Le Talisman de Paul Sérusier, une prophétie de la couleur
Par Elsa Kaminski
Actuellement au musée d’Orsay
Le musée d’Orsay met à l’honneur Le Talisman de Paul Sérusier, petit paysage peint au bois d’Amour en 1888 dont l’aspect « synthétique » marque un sommet dans la représentation de la nature. Cette oeuvre qui porte en elle les instructions de Gauguin que le jeune peintre rencontra à Pont-Aven, rompt alors avec les formes diffuses des impressionnistes pour une vue plus simple, directe et des couleurs franches.

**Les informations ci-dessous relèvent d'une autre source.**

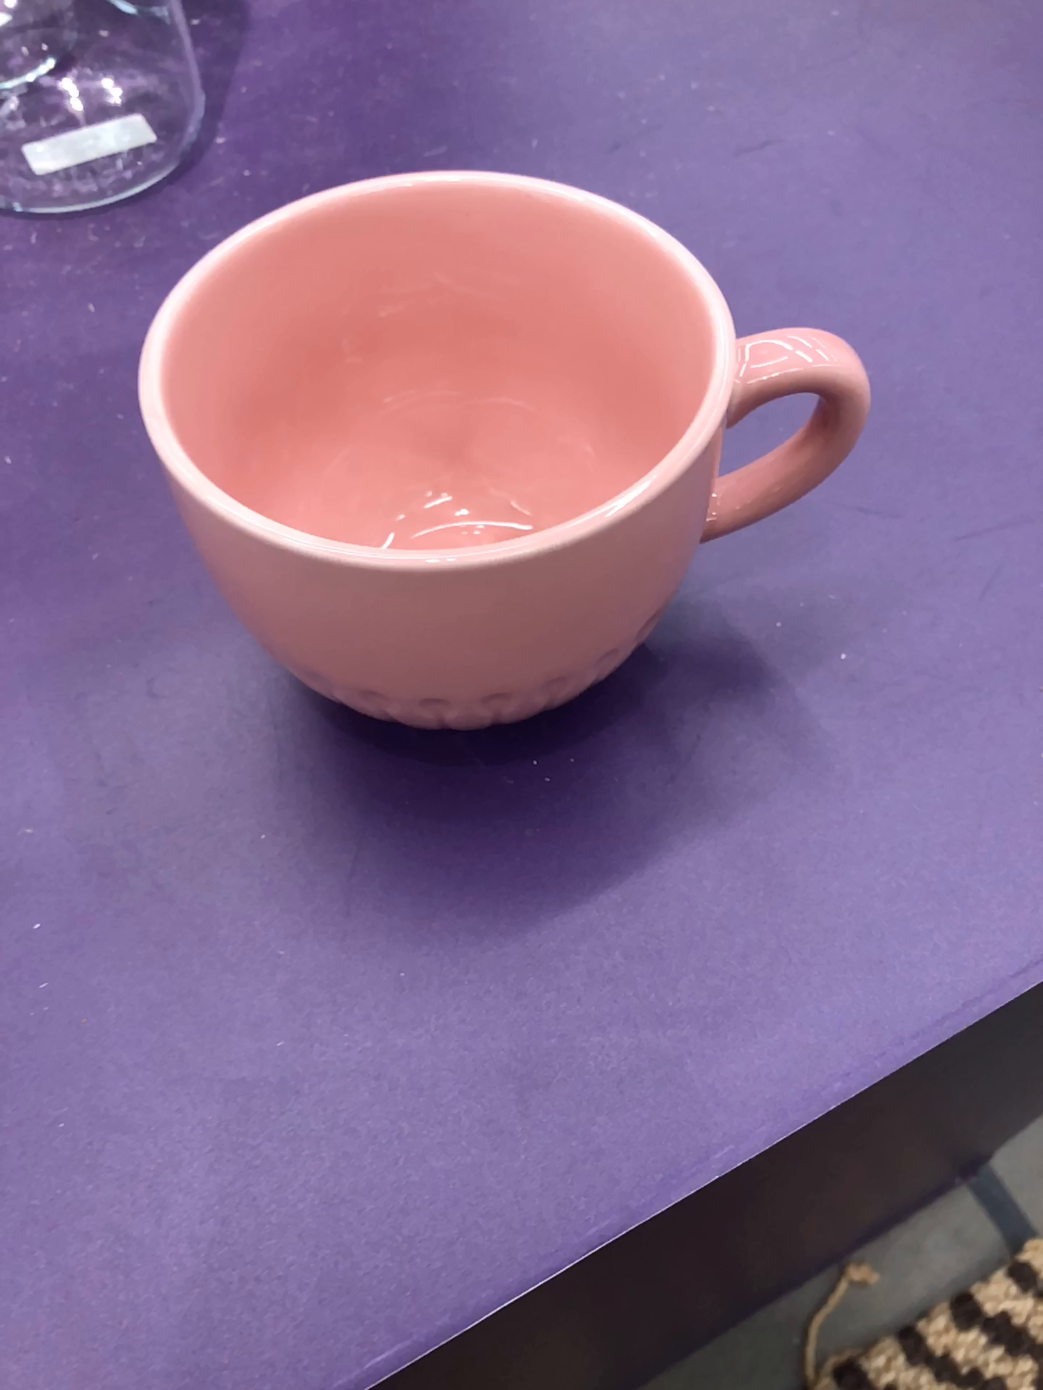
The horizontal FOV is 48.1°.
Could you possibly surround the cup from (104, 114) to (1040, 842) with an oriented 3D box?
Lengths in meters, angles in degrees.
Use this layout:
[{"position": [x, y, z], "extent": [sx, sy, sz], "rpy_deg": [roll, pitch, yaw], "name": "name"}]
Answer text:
[{"position": [0.001, -0.046, 0.227], "extent": [0.140, 0.060, 0.111], "rpy_deg": [-10, 56, -4], "name": "cup"}]
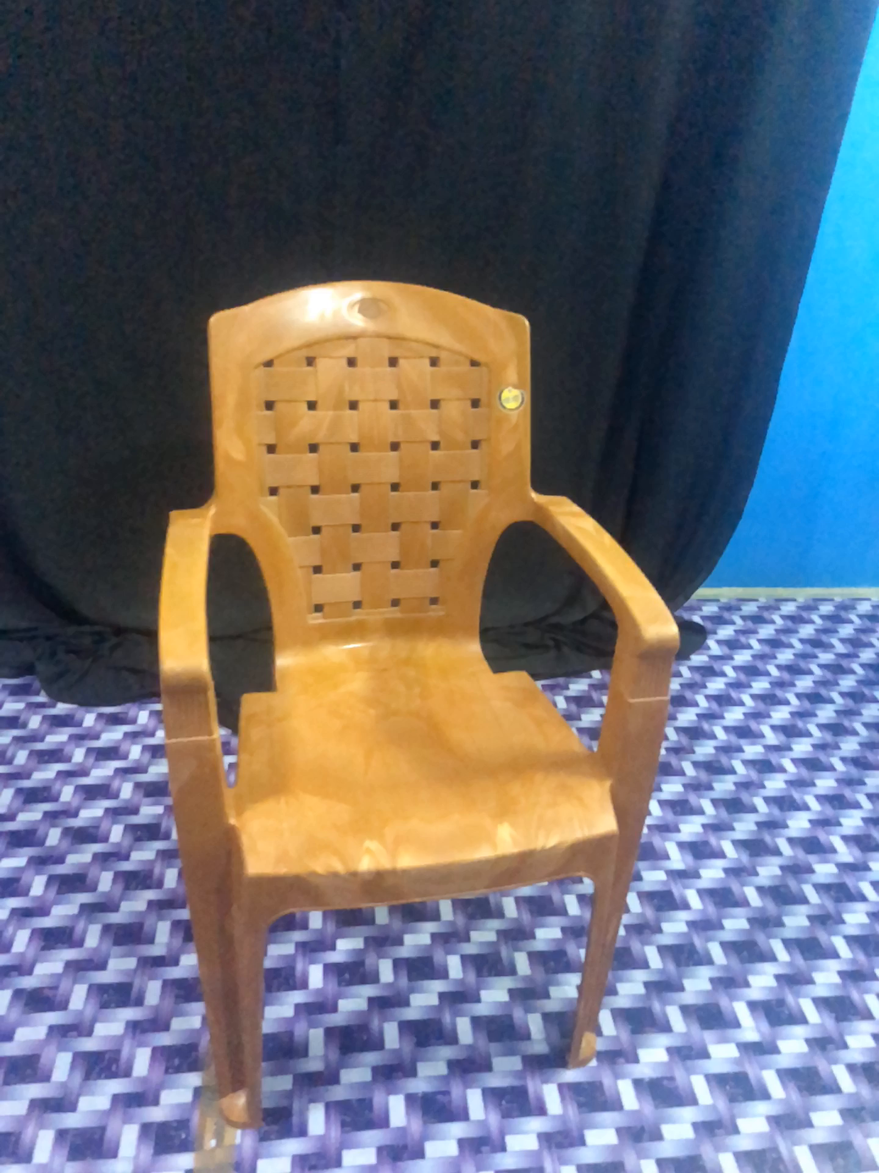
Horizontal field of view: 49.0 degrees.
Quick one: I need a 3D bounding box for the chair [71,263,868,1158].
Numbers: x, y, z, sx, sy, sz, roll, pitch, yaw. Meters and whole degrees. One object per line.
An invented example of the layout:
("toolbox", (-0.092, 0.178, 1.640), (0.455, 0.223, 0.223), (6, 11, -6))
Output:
("chair", (-0.042, 0.091, 1.179), (0.601, 0.786, 0.663), (-2, 30, -11))
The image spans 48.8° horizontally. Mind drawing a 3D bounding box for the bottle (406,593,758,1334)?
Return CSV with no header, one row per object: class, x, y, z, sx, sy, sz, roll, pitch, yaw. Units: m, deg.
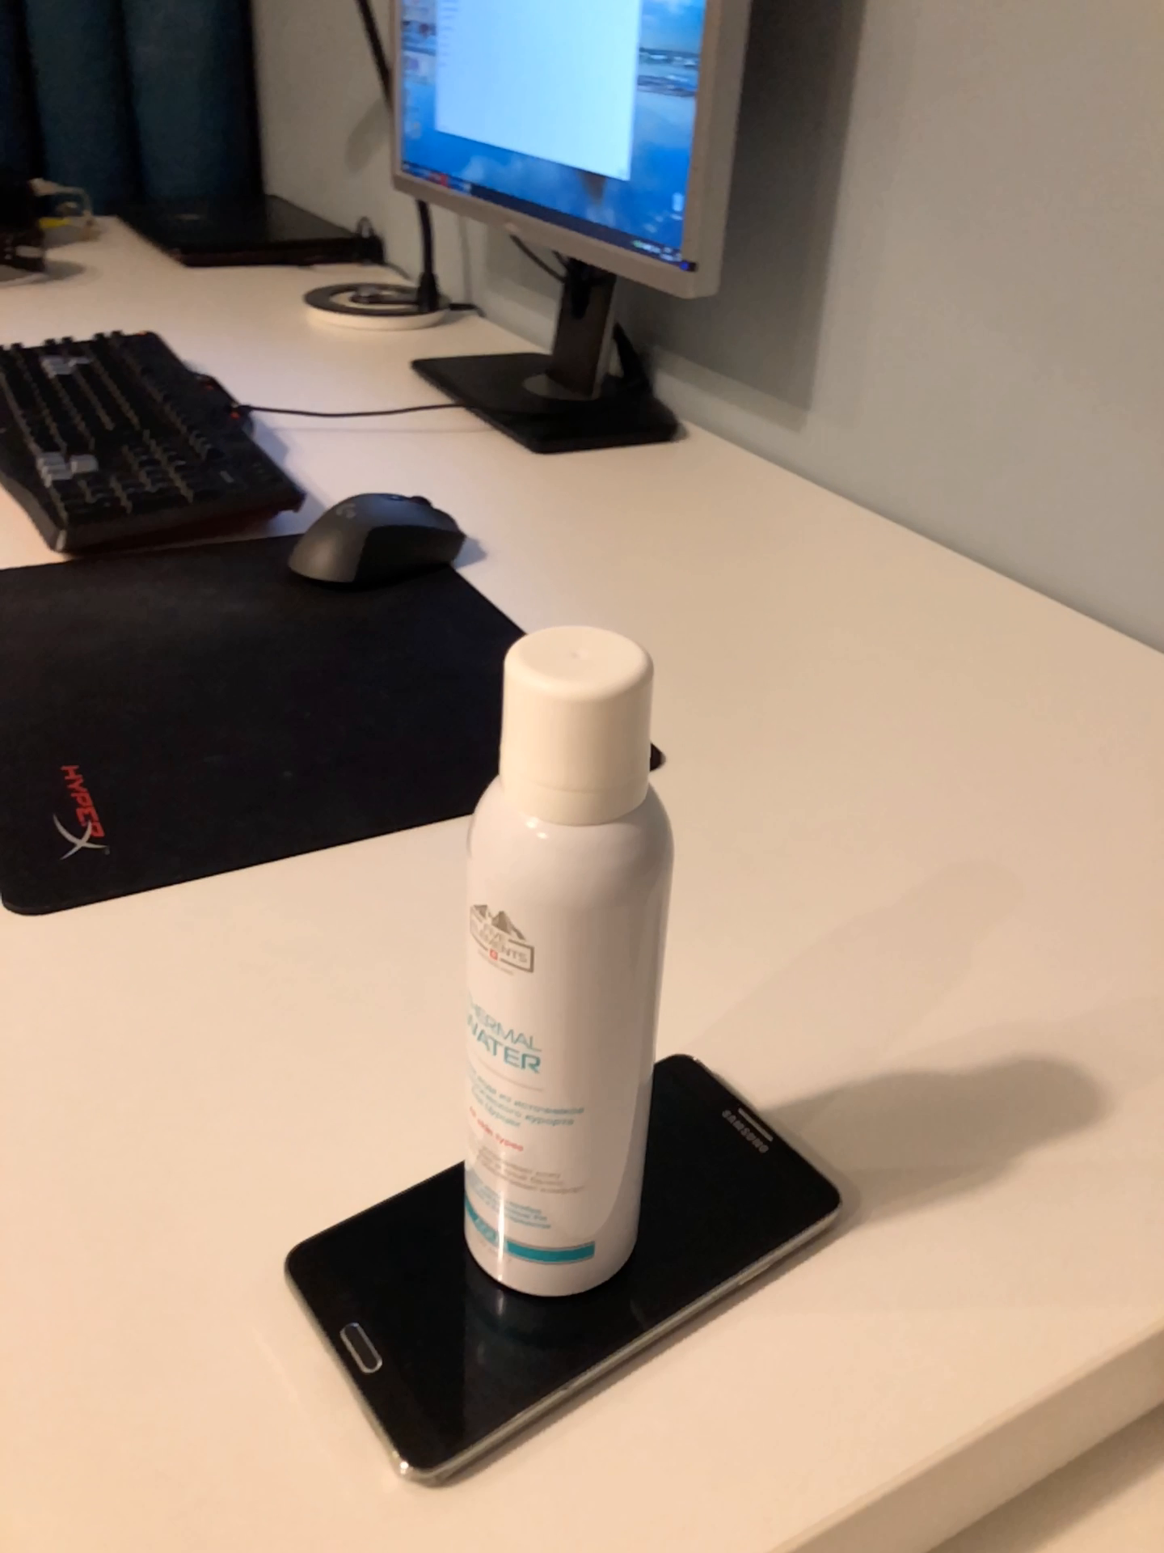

Pour en apprécier la portée, il faut avoir présents à l’esprit les mots de son précepteur « Comment voyez-vous ces arbres ? Ils sont jaunes. Et bien, mettez du jaune ; cette ombre, plutôt bleue, peignez-la avec de l’outremer pur ; ces feuilles rouges ? Mettez du vermillon. »
Sérusier confère donc aux réalités simples de la nature, non pas l’exactitude de ce qu’il voit, mais la transposition de ce qu’il éprouve : le symbole plutôt que l’image.
C’est sur la base de cette singularité, d’une conception symbolique du paysage, que se forment alors, sur l’arrière-fond de l’ésotérisme et des sciences occultes, les nabis (prophètes) parmi lesquels on retrouve notamment Maurice Denis, Bonnard, Vuillard, Roussel etc.
Ainsi, sillonnent dans les couloirs de l’exposition les oeuvres d’une génération marquée par cette nouvelle surface plane et colorée. Si le style s’analyse avec une certaine facilité, un coloris pur, posé en aplat et cerné, nuls autres qu’eux ne savent unir la sensibilité et la brutalité de la couleur, la tradition et l’invention du paysage et le caractère insolite et pourtant familier des formes.
La création et la contemplation esthétiques s’inscrivent alors dans la même ligne que la poésie et le rêve où s’affirme, à travers une géométrie mystérieuse des éléments naturels, une dimension sacrée.
Cette transcendance de la surface est telle qu’elle montre comment la faculté d’atteindre l’émotion tient seulement de la liberté du tracé et des couleurs. Ainsi se confrontent la verticalité des Arbres verts de Maurice Denis ou des Pins rouges de Georges Lacombe avec l’horizontalité du Paysage rocheux de Charles Filiger.
Il faut encore citer, sinon pour être complet, du moins pour ne rien oublier d’essentiel, les lignes sinueuses du Paysage décoratif de Jan Verkade, les formes organiques de l’Eglise à Saint-Nolff de Mogens Ballin et les couleurs chimériques du Paysage nabique de Paul Ranson.
Aussi disons, sans plus attendre, que si le musée traite avec une collection admirable de l’influence du Talisman sur l’art de la fin du XIXe siècle, il faut remarquer que les informations quant aux dernières découvertes sur le sujet et qui sont, sans doute dans une large mesure, la raison de son exposition, laissent en revanche le spectateur sur sa faim. En effet, si l’on veut chercher l’origine de cette réflexion picturale, il aurait été intéressant, si ce n’est nécessaire, d’agrémenter ces analyses – effectuées en 2018 par le Centre de Recherche et de Restauration des Musées de France – avec des visuels correspondant. Toutefois, nous pouvons saluer l’idée ingénieuse de rendre visible les deux faces de cet oeuvre iconique : le revers d’un tableau a toujours été l’allié de la curiosité.
Peu de matière et beaucoup d’art, Le Talisman qui fête ses 130 ans, ne cessera jamais de nous fasciner par son équilibre parfait entre la sensation des choses et l’harmonie des formes.